Figúratelo como una prisión
situada en el centro de la tierra, muchas leguas abajo, toda llena de
fuego, encerrado
en un recinto de forma tan
impenetrable que por toda la eternidad ni siquiera el humo puede
escapar. En esta prisión los condenados
están tan cerca el uno del otro como
ladrillos en un horno. . .
Considera la calidad del
fuego en que se queman. Primero, el fuego se extiende por todas partes y
tortura la totalidad
del cuerpo y del alma. Una persona
condenada yace en el infierno para siempre, en el mismo punto en que fue
asignado por la
justica divina, sin ser capaz de
moverse, como un prisionero en un cepo. El fuego que lo envuelve
totalmente, como un pez
en el agua, lo quema en derredor, a
su izquierda, a su derecha, arriba y abajo. Su cabeza, su pecho, sus
hombros, sus brazos,
sus manos y sus pies, están
totalmente penetrados con fuego, de manera que él todo se asemeja a una
pieza de hierro candente
y resplandeciente, que acaba de ser
retirado del horno. El techo del recinto en que moran las personas
condenadas es de fuego;
la comida que come es fuego; la
bebida que toma es fuego; el aire que respira es fuego; todo cuanto ve y
toca es fuego....
Pero este fuego no está
meramente fuera de él; además traspasa a la persona condenada. Penetra
su cerebro, sus dientes,
su lengua, su garganta, su hígado,
sus pulmones, sus intestinos, su vientre, su corazón, sus venas, sus
nervios, sus huesos,
aún hasta el tuétano, y aún su
sangre. «En el infierno», de acuerdo a San Gregorio Magno, «habrá un
fuego que no puede apagarse,
un gusano que no muere, un hedor
insoportable, una obscuridad que puede sentirse, castigo por azotes de
manos salvajes, con
todos los presentes desesperados de
cualesquier cosa buena.»
Uno de los hechos más
terribles es que por el poder divino, este fuego va tan lejos como para
actuar sobre las facultades
del alma, quemándolas y
atormentándolas.
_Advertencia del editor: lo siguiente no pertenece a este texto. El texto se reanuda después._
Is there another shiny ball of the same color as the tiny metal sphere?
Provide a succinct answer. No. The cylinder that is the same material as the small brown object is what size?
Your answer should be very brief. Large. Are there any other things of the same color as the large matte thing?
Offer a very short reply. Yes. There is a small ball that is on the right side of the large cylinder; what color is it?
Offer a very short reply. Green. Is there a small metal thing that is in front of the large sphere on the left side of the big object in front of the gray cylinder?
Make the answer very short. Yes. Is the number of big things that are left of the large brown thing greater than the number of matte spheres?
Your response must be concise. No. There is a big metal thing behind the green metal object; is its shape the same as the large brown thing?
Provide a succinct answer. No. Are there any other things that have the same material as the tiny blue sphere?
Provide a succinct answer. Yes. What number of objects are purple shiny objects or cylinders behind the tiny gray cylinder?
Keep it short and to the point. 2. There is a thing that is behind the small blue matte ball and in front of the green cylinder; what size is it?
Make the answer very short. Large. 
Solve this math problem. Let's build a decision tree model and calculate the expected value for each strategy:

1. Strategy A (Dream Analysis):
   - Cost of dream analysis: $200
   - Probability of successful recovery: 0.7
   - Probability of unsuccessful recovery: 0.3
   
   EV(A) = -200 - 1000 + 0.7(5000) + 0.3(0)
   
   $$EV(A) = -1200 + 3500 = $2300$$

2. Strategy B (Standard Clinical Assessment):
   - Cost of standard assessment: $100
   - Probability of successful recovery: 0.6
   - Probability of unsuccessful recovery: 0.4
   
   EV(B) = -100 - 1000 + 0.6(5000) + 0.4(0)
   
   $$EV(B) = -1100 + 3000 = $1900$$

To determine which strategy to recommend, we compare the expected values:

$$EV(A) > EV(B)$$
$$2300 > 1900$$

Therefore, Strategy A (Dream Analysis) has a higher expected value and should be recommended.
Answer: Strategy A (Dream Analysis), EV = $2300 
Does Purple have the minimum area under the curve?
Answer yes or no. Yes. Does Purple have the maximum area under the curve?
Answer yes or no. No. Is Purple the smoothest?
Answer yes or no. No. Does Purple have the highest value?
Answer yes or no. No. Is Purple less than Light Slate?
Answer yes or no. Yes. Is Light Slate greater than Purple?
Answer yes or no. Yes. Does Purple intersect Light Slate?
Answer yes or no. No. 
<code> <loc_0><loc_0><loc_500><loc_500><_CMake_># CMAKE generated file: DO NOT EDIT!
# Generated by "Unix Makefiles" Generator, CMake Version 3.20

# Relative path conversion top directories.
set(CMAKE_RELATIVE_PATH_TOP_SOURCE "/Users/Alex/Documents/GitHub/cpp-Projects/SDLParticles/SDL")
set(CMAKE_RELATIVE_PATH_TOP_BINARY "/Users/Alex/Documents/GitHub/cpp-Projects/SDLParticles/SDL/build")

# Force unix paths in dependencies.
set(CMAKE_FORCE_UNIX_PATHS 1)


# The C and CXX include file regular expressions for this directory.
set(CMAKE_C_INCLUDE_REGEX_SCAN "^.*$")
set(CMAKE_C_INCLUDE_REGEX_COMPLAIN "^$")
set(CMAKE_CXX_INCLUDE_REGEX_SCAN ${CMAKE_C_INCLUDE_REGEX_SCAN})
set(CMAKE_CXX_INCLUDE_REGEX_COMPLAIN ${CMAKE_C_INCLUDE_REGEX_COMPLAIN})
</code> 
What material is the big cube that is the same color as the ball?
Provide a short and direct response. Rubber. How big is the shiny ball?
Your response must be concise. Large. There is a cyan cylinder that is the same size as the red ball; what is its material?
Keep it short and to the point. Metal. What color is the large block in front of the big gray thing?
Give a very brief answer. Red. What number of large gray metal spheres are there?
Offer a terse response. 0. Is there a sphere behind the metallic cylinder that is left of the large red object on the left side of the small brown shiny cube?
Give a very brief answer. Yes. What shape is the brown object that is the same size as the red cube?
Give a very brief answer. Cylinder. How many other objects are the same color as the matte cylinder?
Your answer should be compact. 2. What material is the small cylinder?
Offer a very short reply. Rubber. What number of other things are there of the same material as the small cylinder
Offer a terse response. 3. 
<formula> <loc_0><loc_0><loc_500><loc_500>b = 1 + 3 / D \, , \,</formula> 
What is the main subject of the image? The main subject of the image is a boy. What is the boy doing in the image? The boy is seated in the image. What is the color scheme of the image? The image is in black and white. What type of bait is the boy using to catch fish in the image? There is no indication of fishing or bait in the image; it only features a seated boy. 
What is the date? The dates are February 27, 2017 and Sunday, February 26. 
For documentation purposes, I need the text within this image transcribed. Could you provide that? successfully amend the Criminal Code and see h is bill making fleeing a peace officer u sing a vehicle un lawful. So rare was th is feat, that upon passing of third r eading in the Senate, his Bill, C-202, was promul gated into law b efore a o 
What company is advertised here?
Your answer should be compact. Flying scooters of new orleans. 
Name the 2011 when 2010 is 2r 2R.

Supongamos que yo fuera a encontrarme colocado en el
horno de un herrero, de manera
que todo mi cuerpo estuviese al aire
libre, exepto por un brazo puesto en el fuego, y que Dios fuera a
preservar mi vida por
mil años en esta posición. ¿No sería
esto una tortura inaguantable? ¿Cómo sería entonces el estar
completamente penetrado
y rodeado de fuego, el cual afecta
no sólo un brazo, sino inclusive todas las facultades del alma?
Más espantoso de lo que el hombre puede imaginar
En segundo lugar, este fuego es mucho más espantoso de lo que el hombre puede imaginar. El fuego natural que vemos durante
esta vida tiene un gran poder para quemar y atormentar.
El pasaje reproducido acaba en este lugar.